Rome blinked, then looked away, studying the street at my back. “I’ll always open the door for you, Iz. If you need me, and come to me, I’ll swing this door open like you haven’t broken my heart into a million pieces and slammed the door on your way out.”

It probably wasn’t the best idea to point out that he hadn’t answered the door any of the other times that I’d come, but I did it anyway.

“I’ve knocked on your door fifteen times since your son’s funeral,” I pointed out. “And each time I had to walk four and a half miles each way to get here…”

Rome’s eyes narrowed, and his eyes went over my head as if he was searching for something.

“You walk here?” he asked incredulously.

I nodded. “I walk everywhere.” I shrugged. “My parents never saw fit to teach me how to drive. They said it was something I could learn later since they didn’t have the money to send me to the school or to get me a car.”

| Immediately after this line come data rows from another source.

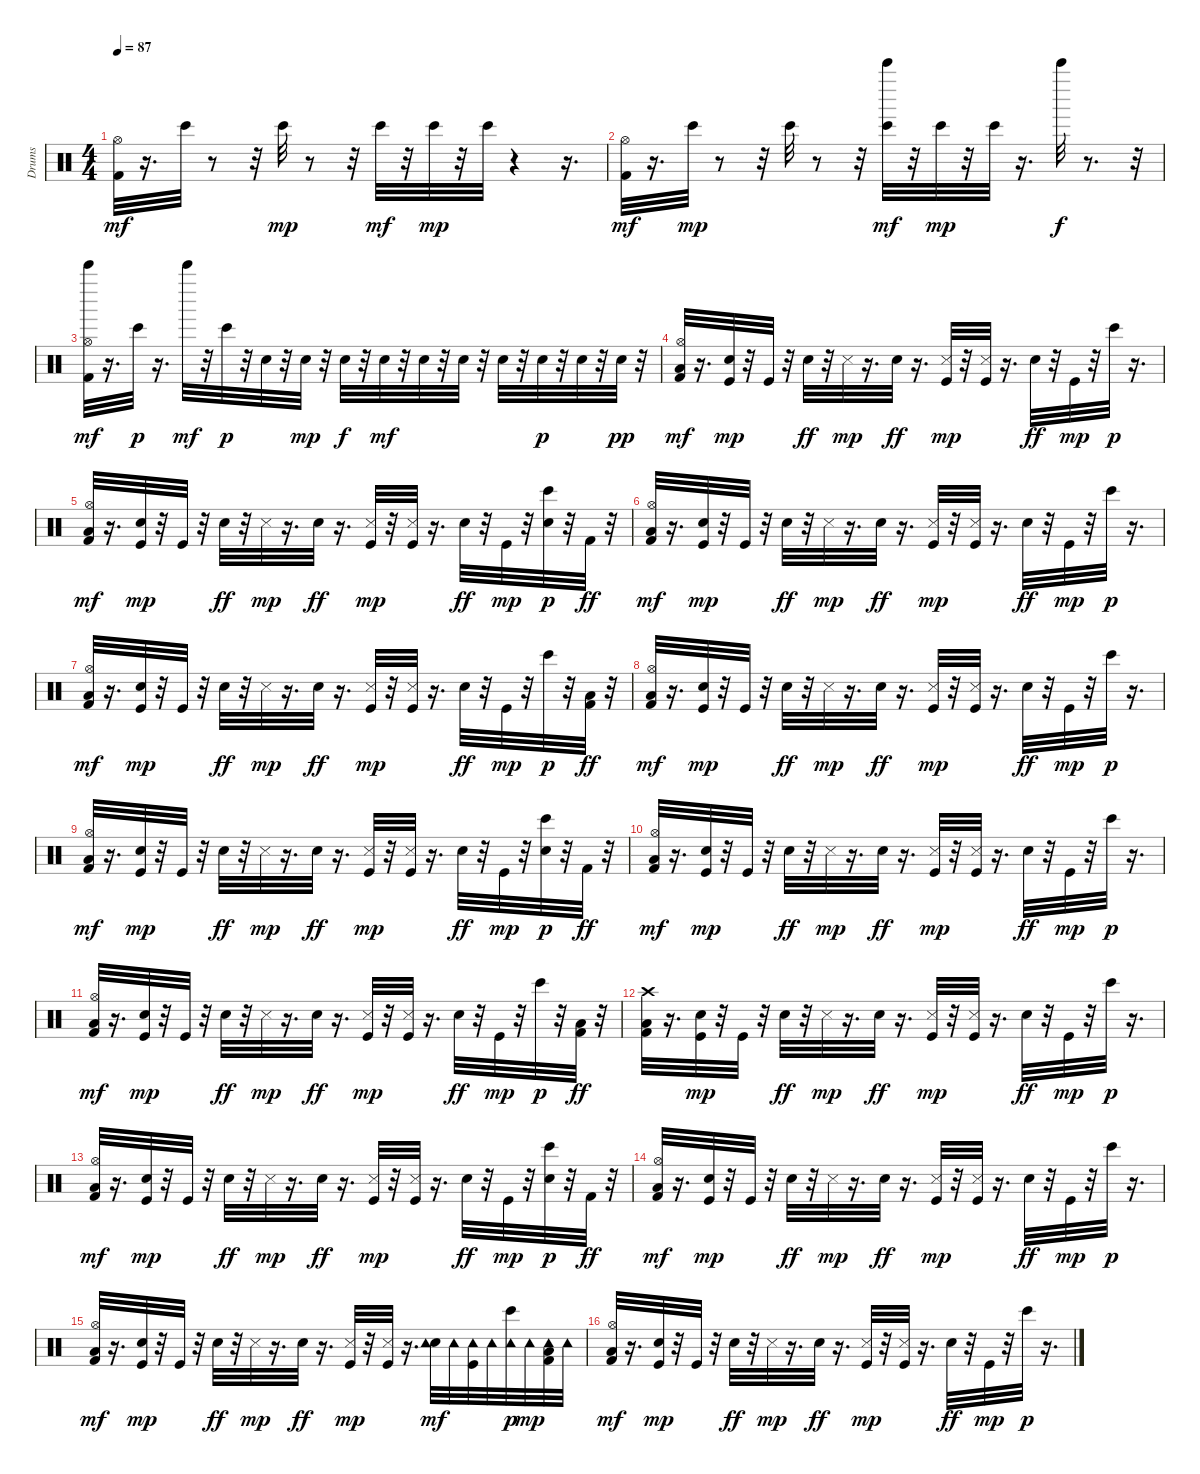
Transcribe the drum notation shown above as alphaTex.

\track ("Drums     " "Drums     ") {instrument percussion}
\staff {score}
\articulation defaults
\ts (4 4)
\tempo 87
\clef neutral
\ks c
("Kick (hit) 2" "Hi-Hat (open)").32{dy mf} r.16{d} "Bongo High (hit)".32 r.8 r.32 "Bongo High (hit)".32{dy mp} r.8 r.32 "Bongo High (hit)".32{dy mf} r.32 "Bongo High (hit)".32{dy mp} r.32 "Bongo High (hit)".32 r.4 r.16{d} |
("Kick (hit) 2" "Hi-Hat (open)").32{dy mf} r.16{d} "Bongo High (hit)".32{dy mp} r.8 r.32 "Bongo High (hit)".32 r.8 r.32 ("Bell Tree (hit)" "Bongo High (hit)").32{dy mf} r.32 "Bongo High (hit)".32{dy mp} r.32 "Bongo High (hit)".32 r.16{d} "Bell Tree (hit)".32{dy f} r.8{d} r.32 |
("Kick (hit) 2" "Hi-Hat (open)" "Bell Tree (hit)").32{dy mf} r.16{d} "Bongo High (hit)".32{dy p} r.16{d} "Bell Tree (hit)".32{dy mf} r.32 "Bongo High (hit)".32{dy p} r.32 "Electric Snare (hit)".32 r.32 "Electric Snare (hit)".32{dy mp} r.32 "Electric Snare (hit)".32{dy f} r.32 "Electric Snare (hit)".32{dy mf} r.32 "Electric Snare (hit)".32 r.32 "Electric Snare (hit)".32 r.32 "Electric Snare (hit)".32 r.32 "Electric Snare (hit)".32{dy p} r.32 "Electric Snare (hit)".32 r.32 "Electric Snare (hit)".32{dy pp} r.32 |
("Kick (hit) 2" "Low Floor Tom (hit)" "Hi-Hat (open)").32{dy mf} r.16{d} ("Kick (hit)" "Snare (hit) 2").32{dy mp} r.32 "Kick (hit)".32 r.32 "Hand Clap (hit)".32{dy ff} r.32 "Snare (side stick) 3".32{dy mp} r.16{d} "Hand Clap (hit)".32{dy ff} r.16{d} ("Kick (hit)" "Snare (side stick) 3").32{dy mp} r.32 ("Kick (hit)" "Snare (side stick) 3").32 r.16{d} "Hand Clap (hit)".32{dy ff} r.32 "Kick (hit)".32{dy mp} r.32 "Bongo High (hit)".32{dy p} r.16{d} |
("Kick (hit) 2" "Low Floor Tom (hit)" "Hi-Hat (open)").32{dy mf} r.16{d} ("Kick (hit)" "Snare (hit) 2").32{dy mp} r.32 "Kick (hit)".32 r.32 "Hand Clap (hit)".32{dy ff} r.32 "Snare (side stick) 3".32{dy mp} r.16{d} "Hand Clap (hit)".32{dy ff} r.16{d} ("Kick (hit)" "Snare (side stick) 3").32{dy mp} r.32 ("Kick (hit)" "Snare (side stick) 3").32 r.16{d} "Hand Clap (hit)".32{dy ff} r.32 "Kick (hit)".32{dy mp} r.32 ("Snare (hit) 2" "Bongo High (hit)").32{dy p} r.32 "Kick (hit) 2".32{dy ff} r.32 |
("Kick (hit) 2" "Low Floor Tom (hit)" "Hi-Hat (open)").32{dy mf} r.16{d} ("Kick (hit)" "Snare (hit) 2").32{dy mp} r.32 "Kick (hit)".32 r.32 "Hand Clap (hit)".32{dy ff} r.32 "Snare (side stick) 3".32{dy mp} r.16{d} "Hand Clap (hit)".32{dy ff} r.16{d} ("Kick (hit)" "Snare (side stick) 3").32{dy mp} r.32 ("Kick (hit)" "Snare (side stick) 3").32 r.16{d} "Hand Clap (hit)".32{dy ff} r.32 "Kick (hit)".32{dy mp} r.32 "Bongo High (hit)".32{dy p} r.16{d} |
("Kick (hit) 2" "Low Floor Tom (hit)" "Hi-Hat (open)").32{dy mf} r.16{d} ("Kick (hit)" "Snare (hit) 2").32{dy mp} r.32 "Kick (hit)".32 r.32 "Hand Clap (hit)".32{dy ff} r.32 "Snare (side stick) 3".32{dy mp} r.16{d} "Hand Clap (hit)".32{dy ff} r.16{d} ("Kick (hit)" "Snare (side stick) 3").32{dy mp} r.32 ("Kick (hit)" "Snare (side stick) 3").32 r.16{d} "Hand Clap (hit)".32{dy ff} r.32 "Kick (hit)".32{dy mp} r.32 "Bongo High (hit)".32{dy p} r.32 ("Kick (hit) 2" "Low Floor Tom (hit)").32{dy ff} r.32 |
("Kick (hit) 2" "Low Floor Tom (hit)" "Hi-Hat (open)").32{dy mf} r.16{d} ("Kick (hit)" "Snare (hit) 2").32{dy mp} r.32 "Kick (hit)".32 r.32 "Hand Clap (hit)".32{dy ff} r.32 "Snare (side stick) 3".32{dy mp} r.16{d} "Hand Clap (hit)".32{dy ff} r.16{d} ("Kick (hit)" "Snare (side stick) 3").32{dy mp} r.32 ("Kick (hit)" "Snare (side stick) 3").32 r.16{d} "Hand Clap (hit)".32{dy ff} r.32 "Kick (hit)".32{dy mp} r.32 "Bongo High (hit)".32{dy p} r.16{d} |
("Kick (hit) 2" "Low Floor Tom (hit)" "Hi-Hat (open)").32{dy mf} r.16{d} ("Kick (hit)" "Snare (hit) 2").32{dy mp} r.32 "Kick (hit)".32 r.32 "Hand Clap (hit)".32{dy ff} r.32 "Snare (side stick) 3".32{dy mp} r.16{d} "Hand Clap (hit)".32{dy ff} r.16{d} ("Kick (hit)" "Snare (side stick) 3").32{dy mp} r.32 ("Kick (hit)" "Snare (side stick) 3").32 r.16{d} "Hand Clap (hit)".32{dy ff} r.32 "Kick (hit)".32{dy mp} r.32 ("Snare (hit) 2" "Bongo High (hit)").32{dy p} r.32 "Kick (hit) 2".32{dy ff} r.32 |
("Kick (hit) 2" "Low Floor Tom (hit)" "Hi-Hat (open)").32{dy mf} r.16{d} ("Kick (hit)" "Snare (hit) 2").32{dy mp} r.32 "Kick (hit)".32 r.32 "Hand Clap (hit)".32{dy ff} r.32 "Snare (side stick) 3".32{dy mp} r.16{d} "Hand Clap (hit)".32{dy ff} r.16{d} ("Kick (hit)" "Snare (side stick) 3").32{dy mp} r.32 ("Kick (hit)" "Snare (side stick) 3").32 r.16{d} "Hand Clap (hit)".32{dy ff} r.32 "Kick (hit)".32{dy mp} r.32 "Bongo High (hit)".32{dy p} r.16{d} |
("Kick (hit) 2" "Low Floor Tom (hit)" "Hi-Hat (open)").32{dy mf} r.16{d} ("Kick (hit)" "Snare (hit) 2").32{dy mp} r.32 "Kick (hit)".32 r.32 "Hand Clap (hit)".32{dy ff} r.32 "Snare (side stick) 3".32{dy mp} r.16{d} "Hand Clap (hit)".32{dy ff} r.16{d} ("Kick (hit)" "Snare (side stick) 3").32{dy mp} r.32 ("Kick (hit)" "Snare (side stick) 3").32 r.16{d} "Hand Clap (hit)".32{dy ff} r.32 "Kick (hit)".32{dy mp} r.32 "Bongo High (hit)".32{dy p} r.32 ("Kick (hit) 2" "Low Floor Tom (hit)").32{dy ff} r.32 |
("Kick (hit) 2" "Low Floor Tom (hit)" "Crash high (hit)").32 r.16{d} ("Kick (hit)" "Snare (hit) 2").32{dy mp} r.32 "Kick (hit)".32 r.32 "Hand Clap (hit)".32{dy ff} r.32 "Snare (side stick) 3".32{dy mp} r.16{d} "Hand Clap (hit)".32{dy ff} r.16{d} ("Kick (hit)" "Snare (side stick) 3").32{dy mp} r.32 ("Kick (hit)" "Snare (side stick) 3").32 r.16{d} "Hand Clap (hit)".32{dy ff} r.32 "Kick (hit)".32{dy mp} r.32 "Bongo High (hit)".32{dy p} r.16{d} |
("Kick (hit) 2" "Low Floor Tom (hit)" "Hi-Hat (open)").32{dy mf} r.16{d} ("Kick (hit)" "Snare (hit) 2").32{dy mp} r.32 "Kick (hit)".32 r.32 "Hand Clap (hit)".32{dy ff} r.32 "Snare (side stick) 3".32{dy mp} r.16{d} "Hand Clap (hit)".32{dy ff} r.16{d} ("Kick (hit)" "Snare (side stick) 3").32{dy mp} r.32 ("Kick (hit)" "Snare (side stick) 3").32 r.16{d} "Hand Clap (hit)".32{dy ff} r.32 "Kick (hit)".32{dy mp} r.32 ("Snare (hit) 2" "Bongo High (hit)").32{dy p} r.32 "Kick (hit) 2".32{dy ff} r.32 |
("Kick (hit) 2" "Low Floor Tom (hit)" "Hi-Hat (open)").32{dy mf} r.16{d} ("Kick (hit)" "Snare (hit) 2").32{dy mp} r.32 "Kick (hit)".32 r.32 "Hand Clap (hit)".32{dy ff} r.32 "Snare (side stick) 3".32{dy mp} r.16{d} "Hand Clap (hit)".32{dy ff} r.16{d} ("Kick (hit)" "Snare (side stick) 3").32{dy mp} r.32 ("Kick (hit)" "Snare (side stick) 3").32 r.16{d} "Hand Clap (hit)".32{dy ff} r.32 "Kick (hit)".32{dy mp} r.32 "Bongo High (hit)".32{dy p} r.16{d} |
("Kick (hit) 2" "Low Floor Tom (hit)" "Hi-Hat (open)").32{dy mf} r.16{d} ("Kick (hit)" "Snare (hit) 2").32{dy mp} r.32 "Kick (hit)".32 r.32 "Hand Clap (hit)".32{dy ff} r.32 "Snare (side stick) 3".32{dy mp} r.16{d} "Hand Clap (hit)".32{dy ff} r.16{d} ("Kick (hit)" "Snare (side stick) 3").32{dy mp} r.32 ("Kick (hit)" "Snare (side stick) 3").32 r.16{d} ("Hand Clap (hit)" "Tambourine (hit)").32{dy mf} "Tambourine (hit)".32 ("Kick (hit)" "Tambourine (hit)").32 "Tambourine (hit)".32 ("Tambourine (hit)" "Bongo High (hit)").32{dy p} "Tambourine (hit)".32{dy mp} ("Kick (hit) 2" "Low Floor Tom (hit)" "Tambourine (hit)").32 "Tambourine (hit)".32 |
("Kick (hit) 2" "Low Floor Tom (hit)" "Hi-Hat (open)").32{dy mf} r.16{d} ("Kick (hit)" "Snare (hit) 2").32{dy mp} r.32 "Kick (hit)".32 r.32 "Hand Clap (hit)".32{dy ff} r.32 "Snare (side stick) 3".32{dy mp} r.16{d} "Hand Clap (hit)".32{dy ff} r.16{d} ("Kick (hit)" "Snare (side stick) 3").32{dy mp} r.32 ("Kick (hit)" "Snare (side stick) 3").32 r.16{d} "Hand Clap (hit)".32{dy ff} r.32 "Kick (hit)".32{dy mp} r.32 "Bongo High (hit)".32{dy p} r.16{d}

His eyes narrowed. “A lot of parents don’t have the money to do that, yet they find a way to do it. I think your parents are just assholes.”

There was no debating that. My parents were assholes. Always had been, and always would be. They looked out for themselves, and themselves only.

I snorted. “You’re not telling me anything that I haven’t thought of on a daily basis.”

He looked away and swallowed. “I’m still really fuckin’ mad at you, Iz.”

I looked down at my hands that were twisting around each other.